Deep Learning

Deep Learning Paper Recap - Diffusion and Transformer Models

This week’s Deep Learning Paper Reviews is Diffusion-LM Improves Controllable Text Generation and Sparsifying Transformer Models with Trainable Representation Pooling.

Deep Learning Paper Recap - Diffusion and Transformer Models

This week’s Deep Learning Paper Reviews is Diffusion-LM Improves Controllable Text Generation and Sparsifying Transformer Models with Trainable Representation Pooling.

Diffusion-LM Improves Controllable Text Generation

What’s Exciting About this Paper

This paper is the first time that continuous diffusion models have been applied to the task of controllable NLG (Natural Language Generation), allowing gradient based methods to be used.

Innovative “rounding” and “embedding” steps are added at the end of the Markov Chain casting a discrete problem to a continuous one.

Key Findings

The authors are able to outperform existing methods, such as PPLM and FUDGE, over various controllable text generation tasks such as conditioning on semantic content, parts-of-speech, syntax trees, syntax spans, length, and left / right context.

Diffusion-LM fails to perform as well as LM (Language Model) fine-tuning for each task but, here, the LM is frozen allowing the same LM to be used over various tasks.

Source

Our Takeaways

Further research is necessary, but it’s exciting to see diffusion modeling techniques being utilized in the field of NLG with their success in the image / audio synthesis domains.

A major bottleneck that must be addressed is the slow decoding speed, however. Diffusion-LM is ~7x slower than autoregressive text generation with only a minimal number of diffusion steps (200 whereas ~2000 is more typical).

Sparsifying Transformer Models with Trainable Representation Pooling

What’s Exciting About this Paper

This paper proposes a novel method to sparsify transformer architectures which achieves sublinear time and memory complexity. This method, called representation pooling, learns to select the best representations depending on the advantage they give on a downstream task.

This paper also presents a Successive Halving Top-k operator that outperforms previous approaches in terms of approximation quality and speed.

The authors provide a detailed analysis of its differential properties and prove that it is trainable in an end-to-end manner.

Key Findings

Experiments with trainable representation pooling achieved 1.8× speedup during training, 4.5× speedup during inference.

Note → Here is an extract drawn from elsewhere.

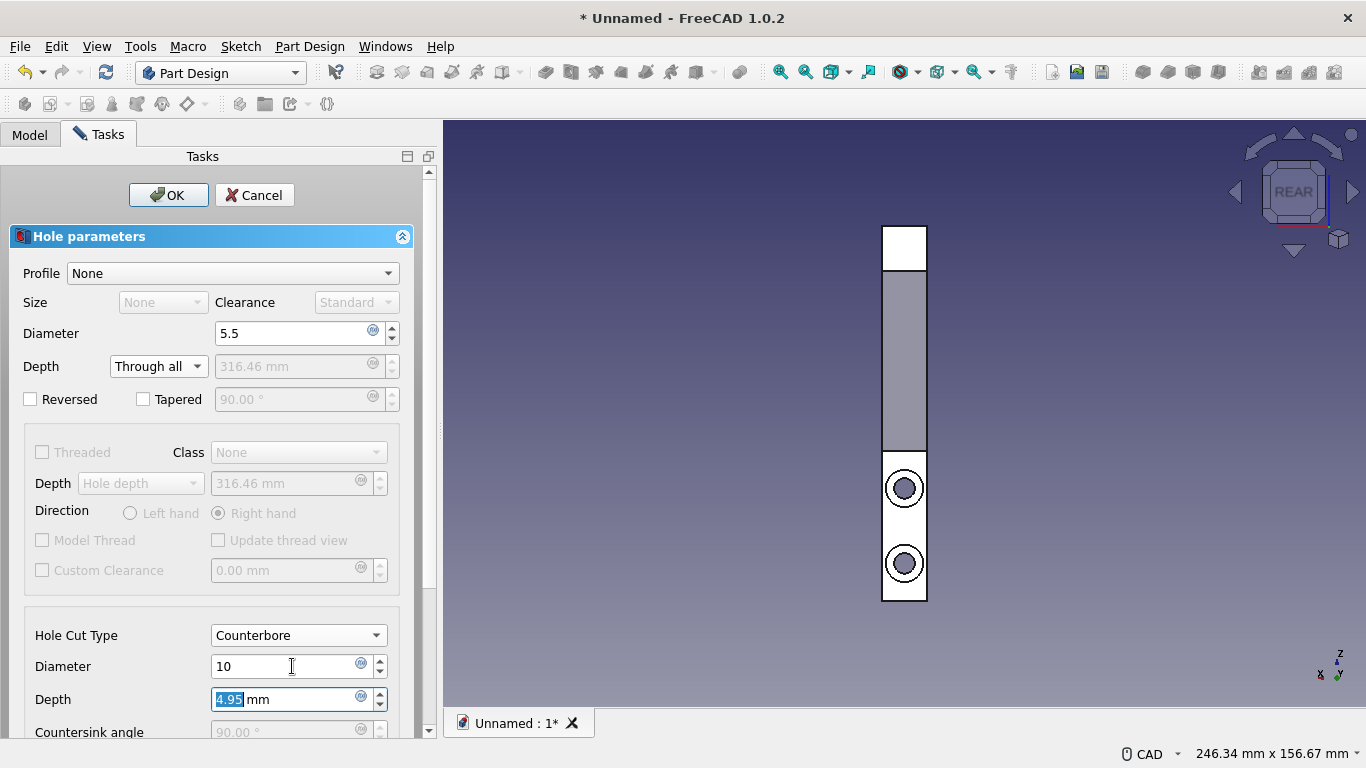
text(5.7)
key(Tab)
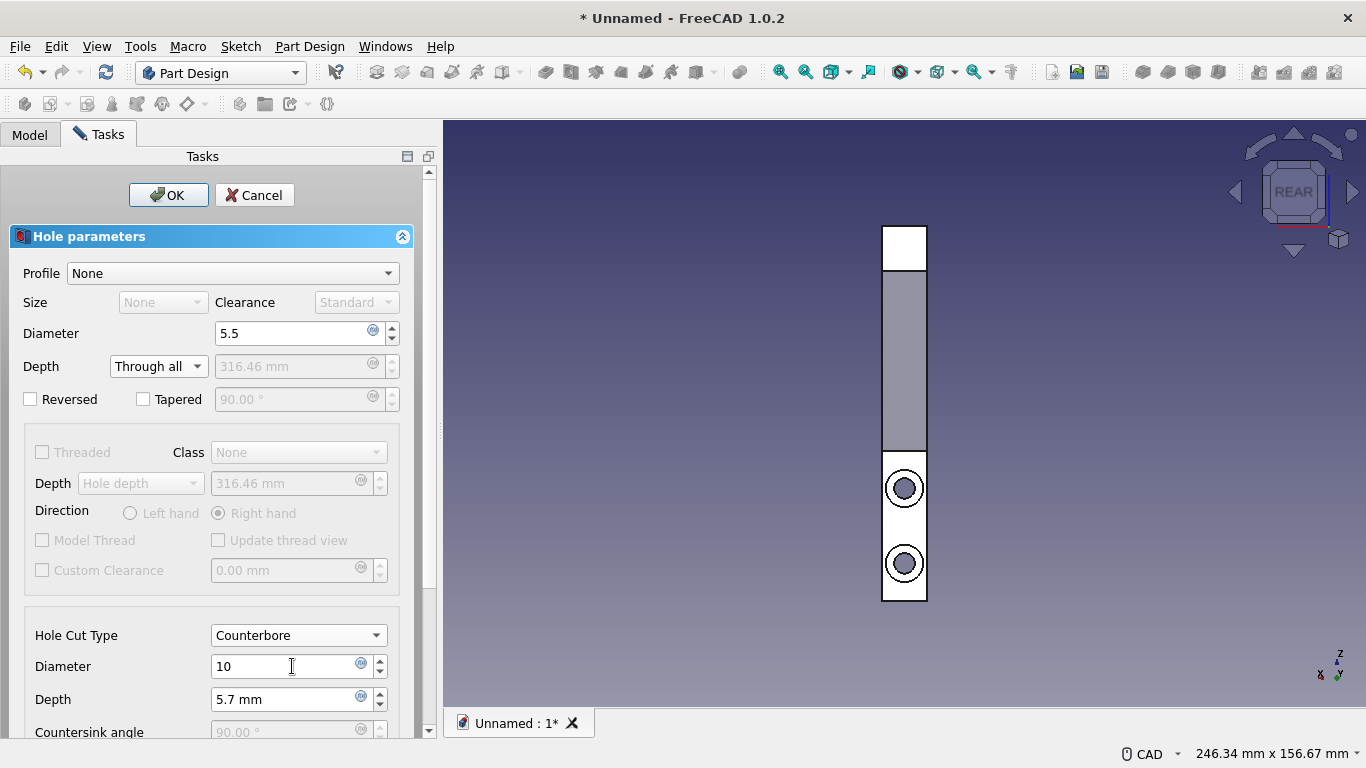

Results on the long document summarization task showed that even a simple baseline performs comparably to the current SOTA.

Source

Our Takeaways

Representation pooling coupled with a scoring function with a trainable parameter can help reduce time and memory complexity of transformer architectures while maintaining top quality performance for long documents summarization.

This technique, however, might not be as useful for tasks where the input sequences have a short length such as sentence-level translation.